PROBLEM REQUIREMENTS:
Each line of the material holding the word "bounding" must be identified and copied.
--
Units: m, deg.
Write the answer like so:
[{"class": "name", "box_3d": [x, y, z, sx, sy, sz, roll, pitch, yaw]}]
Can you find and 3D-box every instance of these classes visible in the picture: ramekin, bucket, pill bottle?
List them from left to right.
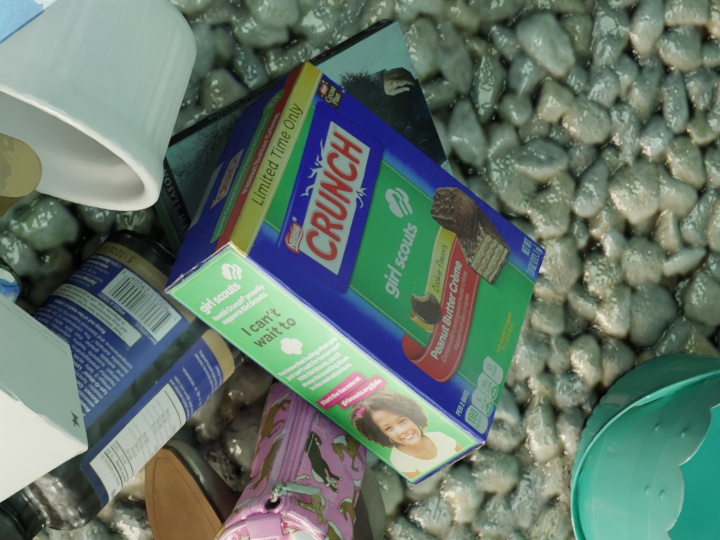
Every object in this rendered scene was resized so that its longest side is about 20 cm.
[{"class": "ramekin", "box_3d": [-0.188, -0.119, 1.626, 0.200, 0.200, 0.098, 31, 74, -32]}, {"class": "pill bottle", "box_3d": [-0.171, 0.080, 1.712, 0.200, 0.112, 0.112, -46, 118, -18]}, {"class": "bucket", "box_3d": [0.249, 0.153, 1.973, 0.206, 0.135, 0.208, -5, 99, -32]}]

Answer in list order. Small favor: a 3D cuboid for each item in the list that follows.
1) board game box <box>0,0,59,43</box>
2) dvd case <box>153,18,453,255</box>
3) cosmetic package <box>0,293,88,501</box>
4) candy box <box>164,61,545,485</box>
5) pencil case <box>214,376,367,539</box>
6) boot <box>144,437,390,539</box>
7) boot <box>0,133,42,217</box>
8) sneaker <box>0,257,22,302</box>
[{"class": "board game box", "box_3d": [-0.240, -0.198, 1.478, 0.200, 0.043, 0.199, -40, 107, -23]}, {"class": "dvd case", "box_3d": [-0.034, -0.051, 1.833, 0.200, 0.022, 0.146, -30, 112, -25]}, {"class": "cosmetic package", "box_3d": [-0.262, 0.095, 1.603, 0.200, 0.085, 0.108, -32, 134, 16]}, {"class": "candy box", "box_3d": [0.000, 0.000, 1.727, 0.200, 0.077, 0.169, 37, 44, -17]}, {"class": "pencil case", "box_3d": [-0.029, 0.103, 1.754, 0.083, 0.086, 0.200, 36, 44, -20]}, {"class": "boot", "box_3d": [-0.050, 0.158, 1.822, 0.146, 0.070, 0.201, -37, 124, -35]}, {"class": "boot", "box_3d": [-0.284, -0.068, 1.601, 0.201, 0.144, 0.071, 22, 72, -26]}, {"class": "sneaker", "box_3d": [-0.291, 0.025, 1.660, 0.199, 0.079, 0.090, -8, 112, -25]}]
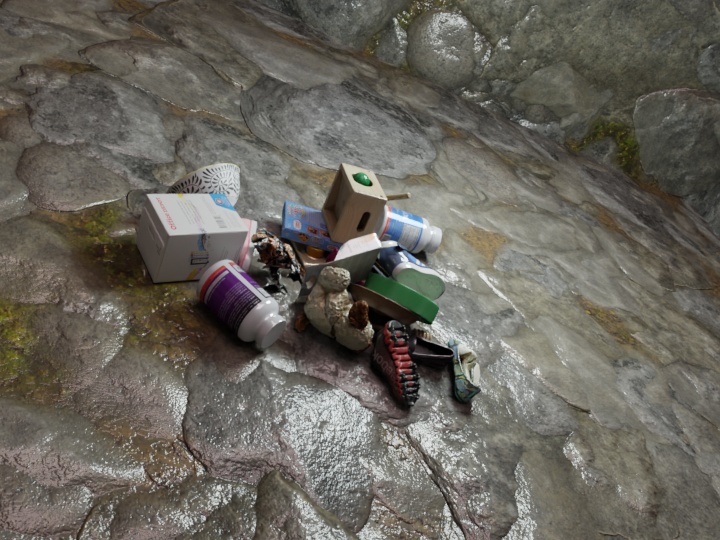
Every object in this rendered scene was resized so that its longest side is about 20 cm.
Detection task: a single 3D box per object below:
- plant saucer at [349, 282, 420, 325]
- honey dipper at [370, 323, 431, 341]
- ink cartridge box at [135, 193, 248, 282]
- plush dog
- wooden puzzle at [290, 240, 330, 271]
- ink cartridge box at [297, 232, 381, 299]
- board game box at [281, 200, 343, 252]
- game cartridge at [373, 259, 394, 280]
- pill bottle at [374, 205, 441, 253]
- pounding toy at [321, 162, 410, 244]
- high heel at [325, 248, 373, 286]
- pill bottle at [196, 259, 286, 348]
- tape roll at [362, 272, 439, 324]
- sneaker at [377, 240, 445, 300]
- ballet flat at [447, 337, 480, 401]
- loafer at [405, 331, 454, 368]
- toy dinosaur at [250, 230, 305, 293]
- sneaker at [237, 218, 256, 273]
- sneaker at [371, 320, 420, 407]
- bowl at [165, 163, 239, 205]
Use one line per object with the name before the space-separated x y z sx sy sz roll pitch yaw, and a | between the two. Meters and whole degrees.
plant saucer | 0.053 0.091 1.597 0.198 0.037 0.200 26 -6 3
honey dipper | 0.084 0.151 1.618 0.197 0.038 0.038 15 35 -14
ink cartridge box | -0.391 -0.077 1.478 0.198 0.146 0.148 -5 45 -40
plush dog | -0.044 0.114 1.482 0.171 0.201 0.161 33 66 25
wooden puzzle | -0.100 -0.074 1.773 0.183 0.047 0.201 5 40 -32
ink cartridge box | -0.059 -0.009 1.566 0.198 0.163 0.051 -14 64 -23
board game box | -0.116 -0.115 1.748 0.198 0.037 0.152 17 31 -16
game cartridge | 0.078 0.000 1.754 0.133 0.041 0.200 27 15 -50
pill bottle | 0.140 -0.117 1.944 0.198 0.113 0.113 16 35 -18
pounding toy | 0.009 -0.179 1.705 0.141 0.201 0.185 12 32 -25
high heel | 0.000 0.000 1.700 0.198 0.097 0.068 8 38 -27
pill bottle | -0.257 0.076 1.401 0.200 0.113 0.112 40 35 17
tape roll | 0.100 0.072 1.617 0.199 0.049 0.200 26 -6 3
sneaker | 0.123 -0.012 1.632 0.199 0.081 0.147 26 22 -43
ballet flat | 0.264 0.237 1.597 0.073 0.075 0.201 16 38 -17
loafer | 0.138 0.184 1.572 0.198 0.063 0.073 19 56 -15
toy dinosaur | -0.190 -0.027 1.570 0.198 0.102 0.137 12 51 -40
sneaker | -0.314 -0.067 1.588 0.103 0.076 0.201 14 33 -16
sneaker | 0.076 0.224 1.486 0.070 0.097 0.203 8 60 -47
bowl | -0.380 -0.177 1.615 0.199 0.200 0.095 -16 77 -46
--
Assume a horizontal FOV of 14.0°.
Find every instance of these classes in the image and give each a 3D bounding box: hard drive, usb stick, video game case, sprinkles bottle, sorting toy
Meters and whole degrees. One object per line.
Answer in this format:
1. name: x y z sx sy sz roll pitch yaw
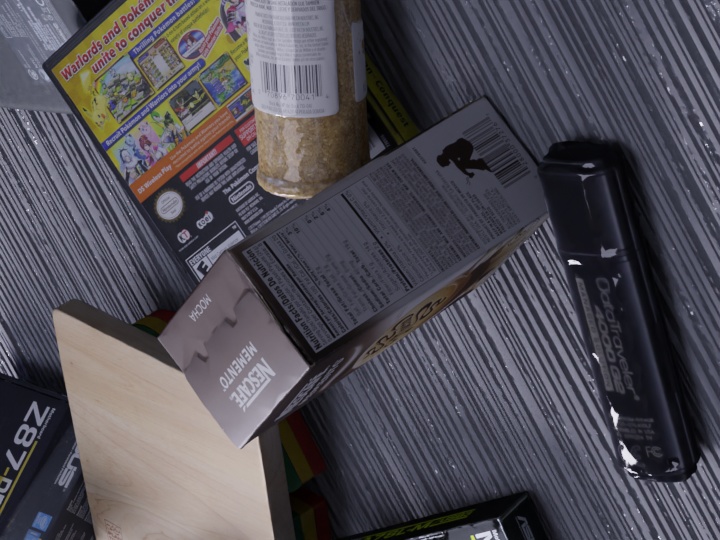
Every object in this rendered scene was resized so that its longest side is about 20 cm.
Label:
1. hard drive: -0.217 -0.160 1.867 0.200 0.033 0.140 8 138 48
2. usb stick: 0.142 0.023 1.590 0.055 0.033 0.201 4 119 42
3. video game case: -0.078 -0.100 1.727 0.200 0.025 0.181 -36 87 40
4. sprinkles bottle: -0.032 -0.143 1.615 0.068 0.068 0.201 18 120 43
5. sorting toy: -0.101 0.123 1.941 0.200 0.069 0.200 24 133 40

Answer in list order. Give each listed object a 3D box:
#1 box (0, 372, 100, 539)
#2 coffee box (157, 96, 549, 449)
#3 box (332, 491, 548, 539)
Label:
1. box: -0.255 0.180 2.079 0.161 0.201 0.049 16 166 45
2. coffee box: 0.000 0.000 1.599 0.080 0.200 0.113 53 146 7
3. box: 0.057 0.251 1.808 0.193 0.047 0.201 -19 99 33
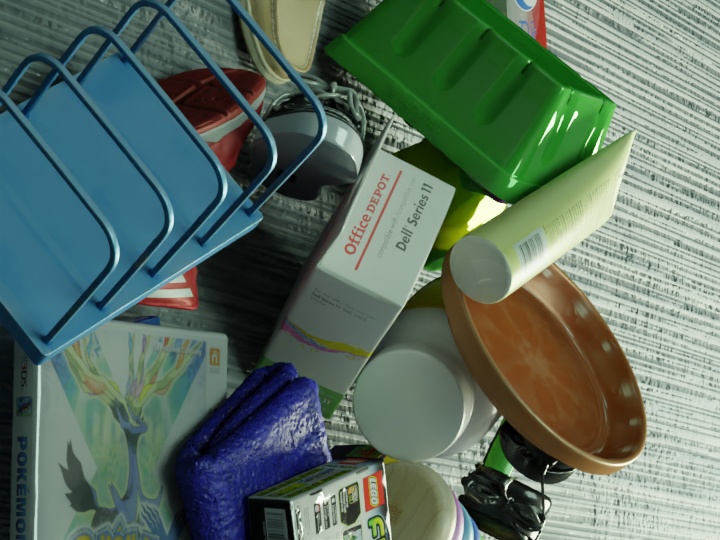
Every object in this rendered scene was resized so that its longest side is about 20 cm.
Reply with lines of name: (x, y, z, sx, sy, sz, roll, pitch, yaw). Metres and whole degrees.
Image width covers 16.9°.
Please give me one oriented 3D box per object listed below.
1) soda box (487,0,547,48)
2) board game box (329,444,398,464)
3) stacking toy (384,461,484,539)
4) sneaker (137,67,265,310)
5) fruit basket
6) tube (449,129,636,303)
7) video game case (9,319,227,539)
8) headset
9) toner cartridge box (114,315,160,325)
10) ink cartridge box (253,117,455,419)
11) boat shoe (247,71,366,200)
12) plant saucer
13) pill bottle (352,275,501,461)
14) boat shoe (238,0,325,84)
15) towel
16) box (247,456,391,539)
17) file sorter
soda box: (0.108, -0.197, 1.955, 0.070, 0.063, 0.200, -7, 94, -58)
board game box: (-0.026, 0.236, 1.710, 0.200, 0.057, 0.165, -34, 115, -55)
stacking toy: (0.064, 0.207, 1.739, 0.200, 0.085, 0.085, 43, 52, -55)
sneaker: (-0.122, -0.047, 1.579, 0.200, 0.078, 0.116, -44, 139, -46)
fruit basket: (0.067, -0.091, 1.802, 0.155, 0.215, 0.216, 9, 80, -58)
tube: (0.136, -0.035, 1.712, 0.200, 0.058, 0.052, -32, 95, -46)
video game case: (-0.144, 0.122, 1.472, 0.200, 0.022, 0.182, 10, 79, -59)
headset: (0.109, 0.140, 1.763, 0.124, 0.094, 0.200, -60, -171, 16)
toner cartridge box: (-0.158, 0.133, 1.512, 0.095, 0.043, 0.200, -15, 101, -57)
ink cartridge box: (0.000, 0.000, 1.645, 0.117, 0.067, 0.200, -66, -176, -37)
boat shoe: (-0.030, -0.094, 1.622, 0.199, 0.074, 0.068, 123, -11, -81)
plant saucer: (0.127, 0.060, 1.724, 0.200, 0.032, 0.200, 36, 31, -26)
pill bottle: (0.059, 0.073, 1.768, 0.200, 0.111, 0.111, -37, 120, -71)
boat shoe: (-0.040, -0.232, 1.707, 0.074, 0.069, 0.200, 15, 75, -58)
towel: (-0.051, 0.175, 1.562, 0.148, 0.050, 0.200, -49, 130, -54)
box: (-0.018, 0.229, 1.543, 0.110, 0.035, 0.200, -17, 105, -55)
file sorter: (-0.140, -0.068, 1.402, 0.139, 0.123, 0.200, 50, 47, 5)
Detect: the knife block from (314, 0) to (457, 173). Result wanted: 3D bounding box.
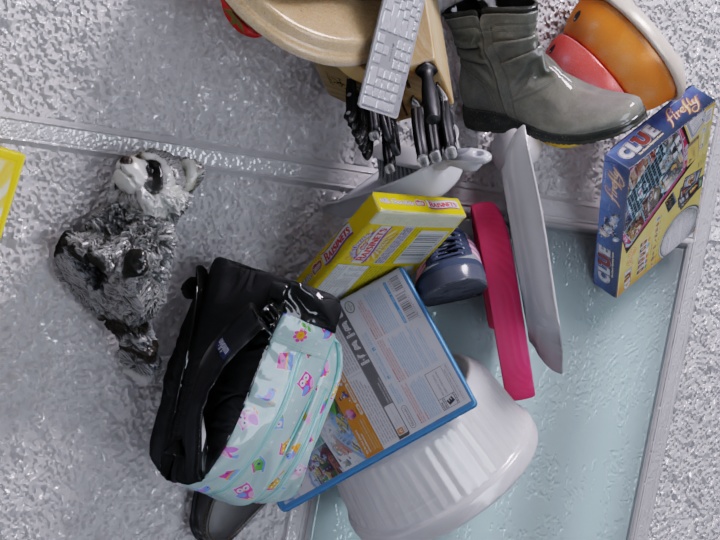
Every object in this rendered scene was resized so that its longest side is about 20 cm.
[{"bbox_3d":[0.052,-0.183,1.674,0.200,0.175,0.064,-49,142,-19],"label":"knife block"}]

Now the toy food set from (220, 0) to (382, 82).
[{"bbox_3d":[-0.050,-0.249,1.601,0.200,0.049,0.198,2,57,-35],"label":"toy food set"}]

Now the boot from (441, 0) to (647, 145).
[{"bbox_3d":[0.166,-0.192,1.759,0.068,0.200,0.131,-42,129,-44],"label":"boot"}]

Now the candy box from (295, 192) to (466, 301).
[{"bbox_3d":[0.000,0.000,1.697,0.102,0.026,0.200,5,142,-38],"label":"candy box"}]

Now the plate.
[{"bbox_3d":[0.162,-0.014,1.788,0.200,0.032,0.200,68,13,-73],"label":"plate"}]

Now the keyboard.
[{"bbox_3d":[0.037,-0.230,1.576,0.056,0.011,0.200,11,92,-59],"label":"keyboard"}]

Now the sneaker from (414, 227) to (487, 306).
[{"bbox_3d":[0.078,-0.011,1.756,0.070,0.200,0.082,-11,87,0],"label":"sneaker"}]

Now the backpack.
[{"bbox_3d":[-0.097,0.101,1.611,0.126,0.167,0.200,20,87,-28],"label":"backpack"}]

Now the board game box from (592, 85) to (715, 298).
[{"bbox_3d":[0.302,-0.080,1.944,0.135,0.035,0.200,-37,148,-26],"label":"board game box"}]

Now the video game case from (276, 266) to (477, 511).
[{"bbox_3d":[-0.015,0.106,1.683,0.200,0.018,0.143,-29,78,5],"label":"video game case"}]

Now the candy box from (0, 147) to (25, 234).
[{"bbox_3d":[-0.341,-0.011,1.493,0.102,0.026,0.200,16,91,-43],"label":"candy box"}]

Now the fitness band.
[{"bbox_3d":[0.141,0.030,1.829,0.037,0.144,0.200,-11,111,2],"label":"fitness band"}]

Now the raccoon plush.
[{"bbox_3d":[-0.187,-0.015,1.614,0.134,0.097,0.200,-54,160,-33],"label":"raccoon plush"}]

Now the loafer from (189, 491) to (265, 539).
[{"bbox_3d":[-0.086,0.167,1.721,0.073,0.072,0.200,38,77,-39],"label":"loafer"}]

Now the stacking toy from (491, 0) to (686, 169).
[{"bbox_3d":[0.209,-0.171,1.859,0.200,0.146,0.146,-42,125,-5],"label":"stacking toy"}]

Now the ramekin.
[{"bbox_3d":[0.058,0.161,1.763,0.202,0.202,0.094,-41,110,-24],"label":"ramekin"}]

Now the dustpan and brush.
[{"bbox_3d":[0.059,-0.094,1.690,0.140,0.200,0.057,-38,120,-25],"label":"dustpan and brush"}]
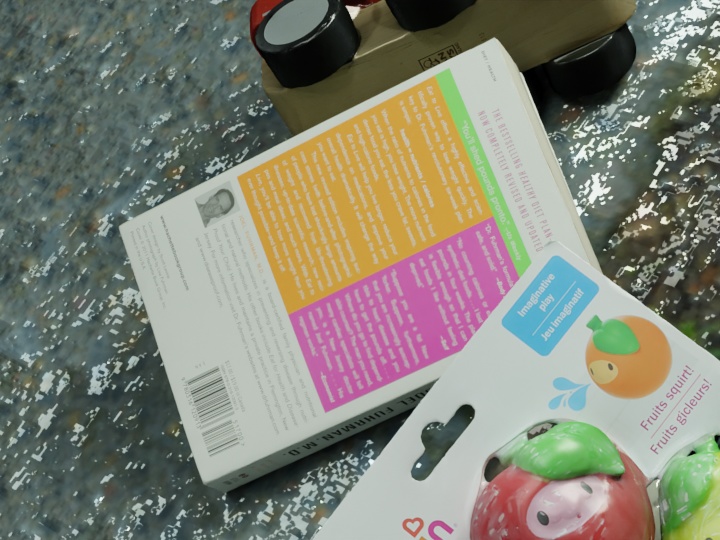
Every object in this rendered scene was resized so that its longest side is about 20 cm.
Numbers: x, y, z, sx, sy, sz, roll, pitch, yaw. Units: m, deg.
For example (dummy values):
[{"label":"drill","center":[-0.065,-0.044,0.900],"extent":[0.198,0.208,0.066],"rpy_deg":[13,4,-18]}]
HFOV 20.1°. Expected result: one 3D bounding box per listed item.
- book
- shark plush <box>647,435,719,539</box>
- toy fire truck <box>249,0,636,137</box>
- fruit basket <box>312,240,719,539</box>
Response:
--
PROBLEM SOLUTION:
Find every instance of these classes in the image and give each a 3D bounding box: hard drive, usb stick, video game case, sprinkles bottle, sorting toy
Detect: the knife block from (314, 0) to (457, 173). Result wanted: 3D bounding box.
HFOV 20.1°. Expected result: one 3D bounding box per listed item.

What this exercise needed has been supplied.